* _Exercise instructions_
Print, exactly as they appear in the listing below, the lines from the line with "- forklift <box>0,84,429,610</box>" to the line with "- humanoid robot <box>1794,473,1919,788</box>", with both end lines kept.

* _Excerpted records_
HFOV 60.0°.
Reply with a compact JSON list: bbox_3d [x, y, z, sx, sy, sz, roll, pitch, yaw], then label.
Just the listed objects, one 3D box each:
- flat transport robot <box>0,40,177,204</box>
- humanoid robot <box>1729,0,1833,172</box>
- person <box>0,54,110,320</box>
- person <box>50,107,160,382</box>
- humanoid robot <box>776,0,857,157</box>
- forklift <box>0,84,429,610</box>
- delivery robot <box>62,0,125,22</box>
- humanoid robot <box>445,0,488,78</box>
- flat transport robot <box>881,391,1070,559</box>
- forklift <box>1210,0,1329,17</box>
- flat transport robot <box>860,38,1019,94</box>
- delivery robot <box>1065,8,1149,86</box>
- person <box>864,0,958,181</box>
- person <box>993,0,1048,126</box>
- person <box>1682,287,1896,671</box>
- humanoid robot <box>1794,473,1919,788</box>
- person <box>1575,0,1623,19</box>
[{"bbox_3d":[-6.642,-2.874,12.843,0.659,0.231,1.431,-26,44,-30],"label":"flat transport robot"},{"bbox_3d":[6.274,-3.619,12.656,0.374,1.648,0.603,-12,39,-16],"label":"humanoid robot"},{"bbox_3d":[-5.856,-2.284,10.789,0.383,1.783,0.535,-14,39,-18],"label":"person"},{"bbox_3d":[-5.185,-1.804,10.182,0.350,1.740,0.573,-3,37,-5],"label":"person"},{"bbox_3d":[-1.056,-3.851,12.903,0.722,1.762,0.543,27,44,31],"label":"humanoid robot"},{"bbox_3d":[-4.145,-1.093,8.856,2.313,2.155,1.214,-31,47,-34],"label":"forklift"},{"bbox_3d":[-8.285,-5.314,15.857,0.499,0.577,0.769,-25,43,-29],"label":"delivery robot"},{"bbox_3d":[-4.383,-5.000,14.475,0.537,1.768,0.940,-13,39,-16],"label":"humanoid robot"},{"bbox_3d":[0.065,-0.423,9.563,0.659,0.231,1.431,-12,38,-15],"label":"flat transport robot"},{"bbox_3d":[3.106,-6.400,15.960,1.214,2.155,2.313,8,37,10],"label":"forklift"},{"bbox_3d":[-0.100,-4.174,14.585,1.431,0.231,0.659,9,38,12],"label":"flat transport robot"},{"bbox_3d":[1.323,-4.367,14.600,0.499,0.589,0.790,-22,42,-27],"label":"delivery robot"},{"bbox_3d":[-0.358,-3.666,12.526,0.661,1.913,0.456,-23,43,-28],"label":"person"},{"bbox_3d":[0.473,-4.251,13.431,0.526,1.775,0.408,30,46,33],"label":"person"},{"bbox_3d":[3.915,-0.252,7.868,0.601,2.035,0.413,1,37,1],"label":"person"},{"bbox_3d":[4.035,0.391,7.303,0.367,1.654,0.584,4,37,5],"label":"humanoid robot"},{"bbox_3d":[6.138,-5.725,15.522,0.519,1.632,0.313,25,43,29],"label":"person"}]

* _Answer space_
- forklift <box>0,84,429,610</box>
- delivery robot <box>62,0,125,22</box>
- humanoid robot <box>445,0,488,78</box>
- flat transport robot <box>881,391,1070,559</box>
- forklift <box>1210,0,1329,17</box>
- flat transport robot <box>860,38,1019,94</box>
- delivery robot <box>1065,8,1149,86</box>
- person <box>864,0,958,181</box>
- person <box>993,0,1048,126</box>
- person <box>1682,287,1896,671</box>
- humanoid robot <box>1794,473,1919,788</box>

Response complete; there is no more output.